Step 3: QA is left confounded and unsure of how to proceed.

What would follow is a back and forth between the QA and development teams struggling to reproduce the issue across different development environments, while sharing screenshots and recordings, and trying to fish for the appropriate logs of the apparent issue at hand. All of this while banging their heads against the wall, because the problems only show up under seemingly random circumstances that cannot be determined. On top of it all, it’s likely that after days with this issue lingering and bouncing around JIRA, not one development team confidently claimed ownership of the fault, let alone is working on a fix.

This sequence of events happens even in the most dedicated and collaborative organizations with robust processes in place. The problem is the depth and complexity of the software applications that we’re developing these days. Correctly identifying what team, microservice, configuration, or transaction is at fault for any given issue, and quickly debugging it to find a proper solution is one of the most difficult challenges in modern-day software engineering.

Can we do better?

Of course, we can! But before I show you how, let me introduce myself: I’m Juan, and I work as a Software Engineer at Undefined Labs. We work on developer tools, and we believe it’s time to fundamentally change the way testing and development teams collaborate, and significantly improve how organizations test their applications. In this post, I’d like to show you the power of Scope for manual web-based testing.
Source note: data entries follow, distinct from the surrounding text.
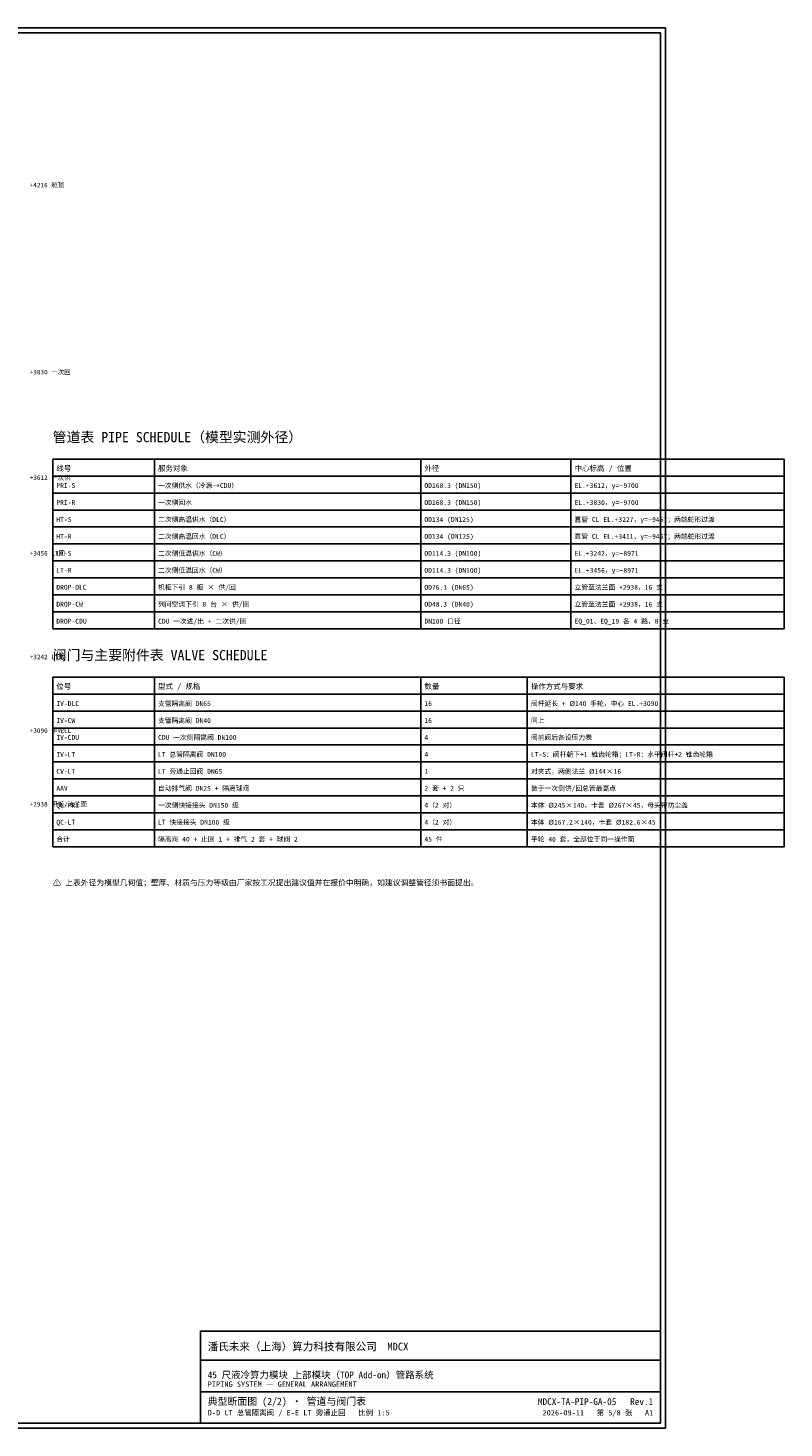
# Model space of a CAD drawing. Header units: metres. Extents: x 8 to 882, y 8 to 586.
# Tile 4 of 4: x 570 to 882, y 8 to 586. Entities that reach past the tile are written whole.
import ezdxf
from ezdxf.enums import TextEntityAlignment as Align

# ---------------------------------------------------------------- set-up
doc = ezdxf.new("R2010")
doc.units = ezdxf.units.M
doc.layers.add('FRAME', color=7, linetype='Continuous')
doc.layers.add('TEXT', color=7, linetype='Continuous')
doc.styles.add('CN', font='simsun.ttc')

msp = doc.modelspace()

# ---------------------------------------------------------------- linework, layer by layer
at = {"layer": 'FRAME'}
for points in [[(8, 8), (833, 8), (833, 586), (8, 586)], [(10, 10), (831, 10), (831, 584), (10, 584)], [(641, 10), (831, 10), (831, 48), (641, 48)]]:
    msp.add_lwpolyline(points, close=True, dxfattribs=at)
for points in [[(580, 408), (882, 408)], [(580, 408), (580, 338)], [(622, 408), (622, 338)], [(732, 408), (732, 338)], [(794, 408), (794, 338)], [(882, 408), (882, 338)], [(580, 401), (882, 401)], [(580, 394), (882, 394)], [(580, 387), (882, 387)], [(580, 380), (882, 380)], [(580, 373), (882, 373)], [(580, 366), (882, 366)], [(580, 359), (882, 359)], [(580, 352), (882, 352)], [(580, 345), (882, 345)], [(580, 338), (882, 338)], [(580, 318), (882, 318)], [(580, 318), (580, 248)], [(622, 318), (622, 248)], [(732, 318), (732, 248)], [(776, 318), (776, 248)], [(882, 318), (882, 248)], [(580, 311), (882, 311)], [(580, 304), (882, 304)], [(580, 297), (882, 297)], [(580, 290), (882, 290)], [(580, 283), (882, 283)], [(580, 276), (882, 276)], [(580, 269), (882, 269)], [(580, 262), (882, 262)], [(580, 255), (882, 255)], [(580, 248), (882, 248)], [(641, 36), (831, 36)], [(641, 23), (831, 23)]]:
    msp.add_lwpolyline(points, dxfattribs=at)

# ---------------------------------------------------------------- texts
at = {"layer": 'TEXT', "style": 'CN'}
for s, height, p in [('+4216 舱顶', 1.9, (570.5, 520.2)), ('+3830 一次回', 1.9, (570.5, 443)), ('管道表 PIPE SCHEDULE（模型实测外径）', 4.2, (580, 415)), ('线号', 2.2, (581.5, 403.1)), ('服务对象', 2.2, (623.5, 403.1)), ('外径', 2.2, (733.5, 403.1)), ('中心标高 / 位置', 2.2, (795.5, 403.1)), ('+3612 一次供', 1.9, (570.5, 399.4)), ('PRI-S', 2, (581.5, 396.1)), ('一次侧供水（冷源→CDU）', 2, (623.5, 396.1)), ('OD168.3 (DN150)', 2, (733.5, 396.1)), ('EL.+3612，y=−9700', 2, (795.5, 396.1)), ('PRI-R', 2, (581.5, 389.1)), ('一次侧回水', 2, (623.5, 389.1)), ('OD168.3 (DN150)', 2, (733.5, 389.1)), ('EL.+3830，y=−9700', 2, (795.5, 389.1)), ('HT-S', 2, (581.5, 382.1)), ('二次侧高温供水（DLC）', 2, (623.5, 382.1)), ('OD134 (DN125)', 2, (733.5, 382.1)), ('直管 CL EL.+3227，y=−9457；两端蛇形过渡', 2, (795.5, 382.1)), ('HT-R', 2, (581.5, 375.1)), ('二次侧高温回水（DLC）', 2, (623.5, 375.1)), ('OD134 (DN125)', 2, (733.5, 375.1)), ('直管 CL EL.+3411，y=−9457；两端蛇形过渡', 2, (795.5, 375.1)), ('+3456 LT回', 1.9, (570.5, 368.2)), ('LT-S', 2, (581.5, 368.1)), ('二次侧低温供水（CW）', 2, (623.5, 368.1)), ('OD114.3 (DN100)', 2, (733.5, 368.1)), ('EL.+3242，y=−8971', 2, (795.5, 368.1)), ('LT-R', 2, (581.5, 361.1)), ('二次侧低温回水（CW）', 2, (623.5, 361.1)), ('OD114.3 (DN100)', 2, (733.5, 361.1)), ('EL.+3456，y=−8971', 2, (795.5, 361.1)), ('DROP-DLC', 2, (581.5, 354.1)), ('机柜下引 8 柜 × 供/回', 2, (623.5, 354.1)), ('OD76.1 (DN65)', 2, (733.5, 354.1)), ('立管至法兰面 +2938，16 支', 2, (795.5, 354.1)), ('DROP-CW', 2, (581.5, 347.1)), ('列间空调下引 8 台 × 供/回', 2, (623.5, 347.1)), ('OD48.3 (DN40)', 2, (733.5, 347.1)), ('立管至法兰面 +2938，16 支', 2, (795.5, 347.1)), ('DROP-CDU', 2, (581.5, 340.1)), ('CDU 一次进/出 + 二次供/回', 2, (623.5, 340.1)), ('DN100 口径', 2, (733.5, 340.1)), ('EQ_01、EQ_19 各 4 路，8 支', 2, (795.5, 340.1)), ('阀门与主要附件表 VALVE SCHEDULE', 4.2, (580, 325)), ('+3242 LT供', 1.9, (570.5, 325.4)), ('位号', 2.2, (581.5, 313.1)), ('型式 / 规格', 2.2, (623.5, 313.1)), ('数量', 2.2, (733.5, 313.1)), ('操作方式与要求', 2.2, (777.5, 313.1)), ('IV-DLC', 2, (581.5, 306.1)), ('支管隔离阀 DN65', 2, (623.5, 306.1)), ('16', 2, (733.5, 306.1)), ('阀杆延长 + Ø140 手轮，中心 EL.+3090', 2, (777.5, 306.1)), ('IV-CW', 2, (581.5, 299.1)), ('支管隔离阀 DN40', 2, (623.5, 299.1)), ('16', 2, (733.5, 299.1)), ('同上', 2, (777.5, 299.1)), ('+3090 手轮CL', 1.9, (570.5, 295)), ('IV-CDU', 2, (581.5, 292.1)), ('CDU 一次侧隔离阀 DN100', 2, (623.5, 292.1)), ('4', 2, (733.5, 292.1)), ('阀前阀后各设压力表', 2, (777.5, 292.1)), ('IV-LT', 2, (581.5, 285.1)), ('LT 总管隔离阀 DN100', 2, (623.5, 285.1)), ('4', 2, (733.5, 285.1)), ('LT-S：阀杆朝下+1 锥齿轮箱；LT-R：水平阀杆+2 锥齿轮箱', 2, (777.5, 285.1)), ('CV-LT', 2, (581.5, 278.1)), ('LT 旁通止回阀 DN65', 2, (623.5, 278.1)), ('1', 2, (733.5, 278.1)), ('对夹式，两侧法兰 Ø144×16', 2, (777.5, 278.1)), ('AAV', 2, (581.5, 271.1)), ('自动排气阀 DN25 + 隔离球阀', 2, (623.5, 271.1)), ('2 套 + 2 只', 2, (733.5, 271.1)), ('装于一次侧供/回总管最高点', 2, (777.5, 271.1)), ('+2938 甲板/法兰面', 1.9, (570.5, 264.6)), ('QC-PRI', 2, (581.5, 264.1)), ('一次侧快接接头 DN150 级', 2, (623.5, 264.1)), ('4（2 对）', 2, (733.5, 264.1)), ('本体 Ø245×140，卡套 Ø267×45，母头带防尘盖', 2, (777.5, 264.1)), ('QC-LT', 2, (581.5, 257.1)), ('LT 快接接头 DN100 级', 2, (623.5, 257.1)), ('4（2 对）', 2, (733.5, 257.1)), ('本体 Ø167.2×140，卡套 Ø182.6×45', 2, (777.5, 257.1)), ('合计', 2, (581.5, 250.1)), ('隔离阀 40 + 止回 1 + 排气 2 套 + 球阀 2', 2, (623.5, 250.1)), ('45 件', 2, (733.5, 250.1)), ('手轮 40 套，全部位于同一操作面', 2, (777.5, 250.1)), ('⚠ 上表外径为模型几何值；壁厚、材质与压力等级由厂家按工况提出建议值并在报价中明确，如建议调整管径须书面提出。', 2.3, (580, 232)), ('潘氏未来（上海）算力科技有限公司  MDCX', 3.2, (644, 40)), ('45 尺液冷算力模块 上部模块（TOP Add-on）管路系统', 2.8, (644, 28.5)), ('PIPING SYSTEM — GENERAL ARRANGEMENT', 2.2, (644, 25)), ('典型断面图 (2/2) · 管道与阀门表', 3, (644, 17.5)), ('D-D LT 总管隔离阀 / E-E LT 旁通止回   比例 1:5', 2.2, (644, 13.2))]:
    msp.add_text(s, height=height, dxfattribs=at).set_placement(p)
for s, height, p in [('MDCX-TA-PIP-GA-05   Rev.1', 2.8, (828, 17.5)), ('2026-09-11   第 5/8 张   A1', 2.2, (828, 13.2))]:
    msp.add_text(s, height=height, dxfattribs=at).set_placement(p, align=Align.RIGHT)

doc.saveas('drawing.dxf')
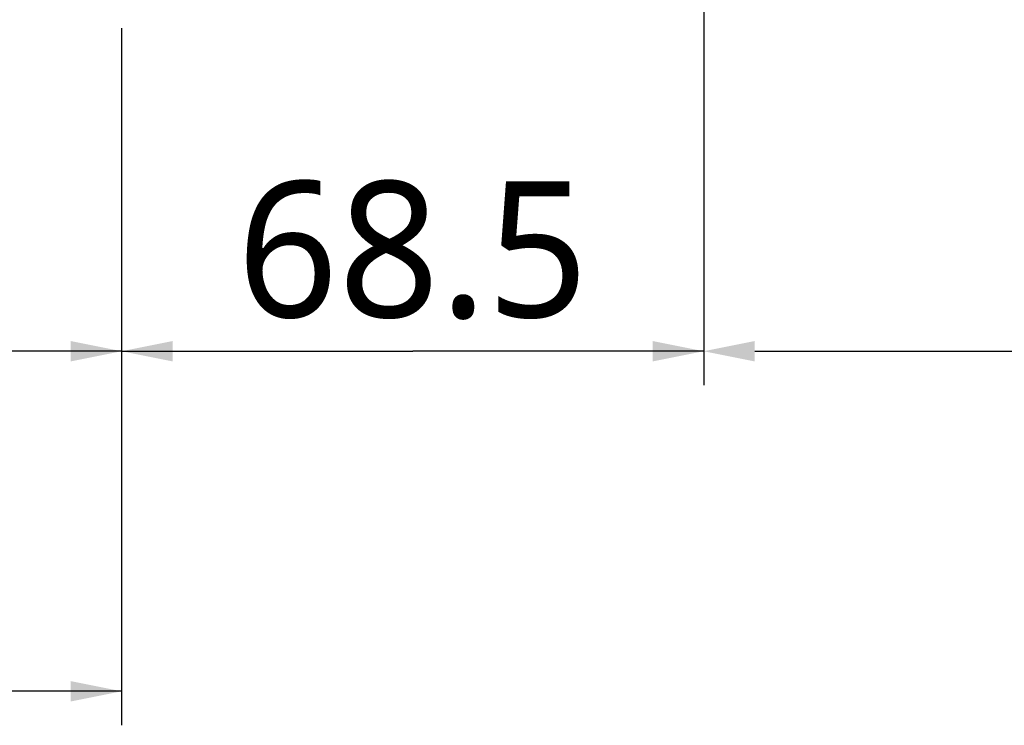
# Model space of a CAD drawing. Header units: millimetres. Extents: x 16 to 3344, y 34 to 2360.
# Tile 4 of 127: x 1192 to 1308, y 296 to 379. Entities that reach past the tile are written whole.
import ezdxf

# ---------------------------------------------------------------- set-up
doc = ezdxf.new("R2010")
doc.units = ezdxf.units.MM
doc.header["$LTSCALE"] = 185.02
doc.header["$PDMODE"] = 3
doc.header["$PDSIZE"] = 0.3
doc.layers.get('0').update_dxf_attribs({"linetype": 'CONTINUOUS'})
doc.layers.get('Defpoints').update_dxf_attribs({"linetype": 'CONTINUOUS'})
for name, color, linetype in [('BASE_ASM_PBL3', 7, 'CONTINUOUS'), ('FRONT_VIEW_VBL2', 7, 'CONTINUOUS'), ('TOP_ASM_PBL10', 7, 'CONTINUOUS')]:
    doc.layers.add(name, color=color, linetype=linetype)
doc.styles.get("Standard").update_dxf_attribs({"font": 'malgun.ttf'})
doc.dimstyles.new('DIMSTYLE_1', dxfattribs={"dimtxt": 16, "dimasz": 6, "dimexe": 1, "dimexo": 0.5, "dimgap": 1, "dimtad": 1, "dimdsep": 46, "dimtxsty": 'Standard', "dimblk": '_FILLED', "dimblk1": '_FILLED', "dimblk2": '_FILLED', "dimcen": 0.09, "dimclrt": 134, "dimazin": 2, "dimtp": 0.3, "dimtm": 0.3, "dimtfac": 1, "dimtofl": 0, "dimtmove": 0, "dimatfit": 3, "dimldrblk": '_FILLED', "dimfxl": 1, "dimtolj": 1, "dimarcsym": 0})
doc.dimstyles.new('DIMSTYLE_2', dxfattribs={"dimtxt": 16, "dimasz": 6, "dimexe": 1, "dimexo": 0.5, "dimgap": 1, "dimtad": 1, "dimdsep": 46, "dimtxsty": 'Standard', "dimblk": '_FILLED', "dimblk1": '_FILLED', "dimblk2": '_FILLED', "dimcen": 0.09, "dimclrt": 134, "dimazin": 2, "dimtp": 0.5, "dimtm": 0.5, "dimtfac": 1, "dimtofl": 0, "dimtmove": 0, "dimatfit": 3, "dimldrblk": '_FILLED', "dimfxl": 1, "dimtolj": 1, "dimarcsym": 0})
doc.dimstyles.new('DIMSTYLE_9', dxfattribs={"dimtxt": 16, "dimasz": 6, "dimexe": 1, "dimexo": 0.5, "dimgap": 1, "dimtad": 1, "dimdsep": 46, "dimtxsty": 'Standard', "dimblk": '_FILLED', "dimblk1": '_FILLED', "dimblk2": '_FILLED', "dimcen": 0.09, "dimclrt": 134, "dimazin": 2, "dimtp": 0.8, "dimtm": 0.8, "dimtfac": 1, "dimtofl": 0, "dimtmove": 0, "dimatfit": 3, "dimldrblk": '_FILLED', "dimfxl": 1, "dimtolj": 1, "dimarcsym": 0})

# ---------------------------------------------------------------- blocks, each defined once
blk = doc.blocks.new('_FILLED')
at = {"color": 0, "linetype": 'ByBlock'}
blk.add_solid([(0, 0), (-1, 0.2), (-1, -0.2)], dxfattribs=at)
blk = doc.blocks.new('*D2')
at = {"color": 0, "lineweight": -2, "transparency": 16777216}
for p, q in [((1272.5, 389), (1272.5, 339)), ((1372.5, 378), (1372.5, 339)), ((1278.5, 340), (1366.5, 340)), ((1372.5, 340), (1615.82, 340))]:
    blk.add_line(p, q, dxfattribs=at)
at = {"layer": 'Defpoints', "color": 0, "transparency": 16777216}
for p in [(1272.5, 389.5), (1372.5, 378.5), (1372.5, 340)]:
    blk.add_point(p, dxfattribs=at)
at = {"color": 0, "lineweight": -2, "transparency": 16777216, "xscale": 6, "yscale": 6, "zscale": 6, "rotation": 180}
blk.add_blockref('_FILLED', (1272.5, 340), dxfattribs=at)
at = {"color": 0, "lineweight": -2, "transparency": 16777216, "xscale": 6, "yscale": 6, "zscale": 6}
blk.add_blockref('_FILLED', (1372.5, 340), dxfattribs=at)
at = {"color": 134, "transparency": 16777216, "insert": (1383.3, 362.33), "char_height": 16, "width": 233.0667, "attachment_point": 1, "line_spacing_factor": 0.9}
blk.add_mtext('\\A1;100mm more for cable', dxfattribs=at)
blk = doc.blocks.new('*D13')
at = {"color": 134, "transparency": 16777216}
for p, q in [((1012.41, 544.87), (1012.41, 304.07)), ((1334.41, 346.07), (1334.41, 304.07)), ((1012.41, 308.07), (1173.41, 308.07)), ((1334.41, 308.07), (1173.41, 308.07))]:
    blk.add_line(p, q, dxfattribs=at)
at = {"color": 134, "transparency": 16777216, "xscale": 6, "yscale": 6, "zscale": 6, "rotation": 180}
blk.add_blockref('_FILLED', (1012.41, 308.07), dxfattribs=at)
at = {"color": 134, "transparency": 16777216, "xscale": 6, "yscale": 6, "zscale": 6}
blk.add_blockref('_FILLED', (1334.41, 308.07), dxfattribs=at)
at = {"color": 134, "transparency": 16777216, "insert": (1173.41, 328.07), "char_height": 16, "width": 36.8, "attachment_point": 2, "line_spacing_factor": 0.9}
blk.add_mtext('322', dxfattribs=at)
blk = doc.blocks.new('*D14')
at = {"color": 134, "transparency": 16777216}
for p, q in [((1402.91, 357.07), (1402.91, 304.07)), ((1334.41, 346.07), (1334.41, 304.07)), ((1334.41, 308.07), (1368.66, 308.07)), ((1402.91, 308.07), (1368.66, 308.07))]:
    blk.add_line(p, q, dxfattribs=at)
at = {"color": 134, "transparency": 16777216, "xscale": 6, "yscale": 6, "zscale": 6, "rotation": 180}
blk.add_blockref('_FILLED', (1334.41, 308.07), dxfattribs=at)
at = {"color": 134, "transparency": 16777216, "xscale": 6, "yscale": 6, "zscale": 6}
blk.add_blockref('_FILLED', (1402.91, 308.07), dxfattribs=at)
at = {"color": 134, "transparency": 16777216, "insert": (1368.66, 328.07), "char_height": 16, "width": 41.6593, "attachment_point": 2, "line_spacing_factor": 0.9}
blk.add_mtext('68.5', dxfattribs=at)
blk = doc.blocks.new('*D32')
at = {"color": 134, "transparency": 16777216}
for p, q in [((814.17, 757.37), (814.17, 264.07)), ((1334.41, 346.07), (1334.41, 264.07)), ((814.17, 268.07), (1074.29, 268.07)), ((1334.41, 268.07), (1074.29, 268.07))]:
    blk.add_line(p, q, dxfattribs=at)
at = {"color": 134, "transparency": 16777216, "xscale": 6, "yscale": 6, "zscale": 6, "rotation": 180}
blk.add_blockref('_FILLED', (814.17, 268.07), dxfattribs=at)
at = {"color": 134, "transparency": 16777216, "xscale": 6, "yscale": 6, "zscale": 6}
blk.add_blockref('_FILLED', (1334.41, 268.07), dxfattribs=at)
at = {"color": 134, "transparency": 16777216, "insert": (1074.29, 288.07), "char_height": 16, "width": 66.1926, "attachment_point": 2, "line_spacing_factor": 0.9}
blk.add_mtext('520.24', dxfattribs=at)
blk = doc.blocks.new('BASE_ASM_PBL3', base_point=(1095.936, 709.968))
at = {"layer": 'BASE_ASM_PBL3', "color": 134}
for base, p1, p2, dimstyle, picture, middle in [((1012.406, 308.068), (1334.406, 346.568), (1012.406, 545.368), 'DIMSTYLE_2', '*D13', (1173.379, 308.068)), ((1334.406, 308.068), (1402.906, 357.568), (1334.406, 346.568), 'DIMSTYLE_1', '*D14', (1368.452, 308.068))]:
    dim = blk.add_linear_dim(base=base, p1=p1, p2=p2, angle=180, dimstyle=dimstyle, dxfattribs=at)
    dim.commit()
    dim.dimension.update_dxf_attribs({"geometry": picture, "text_midpoint": middle, "dimtype": 160})
blk = doc.blocks.new('TOP_ASM_PBL10', base_point=(1038.536, 739.968))
at = {"layer": 'TOP_ASM_PBL10', "color": 134}
dim = blk.add_linear_dim(base=(1334.406, 268.068), p1=(814.165, 757.868), p2=(1334.406, 346.568), dimstyle='DIMSTYLE_9', dxfattribs=at)
dim.commit()
dim.dimension.update_dxf_attribs({"geometry": '*D32', "text_midpoint": (1074.736, 268.068), "dimtype": 160})
blk = doc.blocks.new('FRONT_VIEW_VBL2', base_point=(1115.94, 739.97))
at = {"layer": 'BASE_ASM_PBL3'}
blk.add_blockref('BASE_ASM_PBL3', (1095.94, 709.97), dxfattribs=at)
at = {"layer": 'TOP_ASM_PBL10'}
blk.add_blockref('TOP_ASM_PBL10', (1038.54, 739.97), dxfattribs=at)

msp = doc.modelspace()

# ---------------------------------------------------------------- block references
at = {"layer": 'FRONT_VIEW_VBL2'}
msp.add_blockref('FRONT_VIEW_VBL2', (985.529, 771.9), dxfattribs=at)

# ---------------------------------------------------------------- dimensions: what is measured, and where the dimension line sits
at = {"color": 134}
dim = msp.add_linear_dim(base=(1372.5, 340), p1=(1272.5, 389.5), p2=(1372.5, 378.5), text='<>mm more for cable', dimstyle='DIMSTYLE_1', dxfattribs=at)
dim.commit()
dim.dimension.update_dxf_attribs({"geometry": '*D2', "text_midpoint": (1499.833, 340), "dimtype": 160})

doc.saveas('drawing.dxf')

To explain our approach better, let’s revisit our previous scenario, this time with Scope:

QA can provide a deep link to the test report for Developers to analyze.

All reports in Scope include a trace showing the transaction recorded during the execution of the test.

The verdict: screenshots and logs, while handy, are hardly sufficient to deal with most of the issues a development team will face any given day in today’s modern applications. With Scope, we’re making it trivially easy for QA teams to provide their development teams with the rich and in-depth visibility they need to fix any manual test and any bug. Let’s see how.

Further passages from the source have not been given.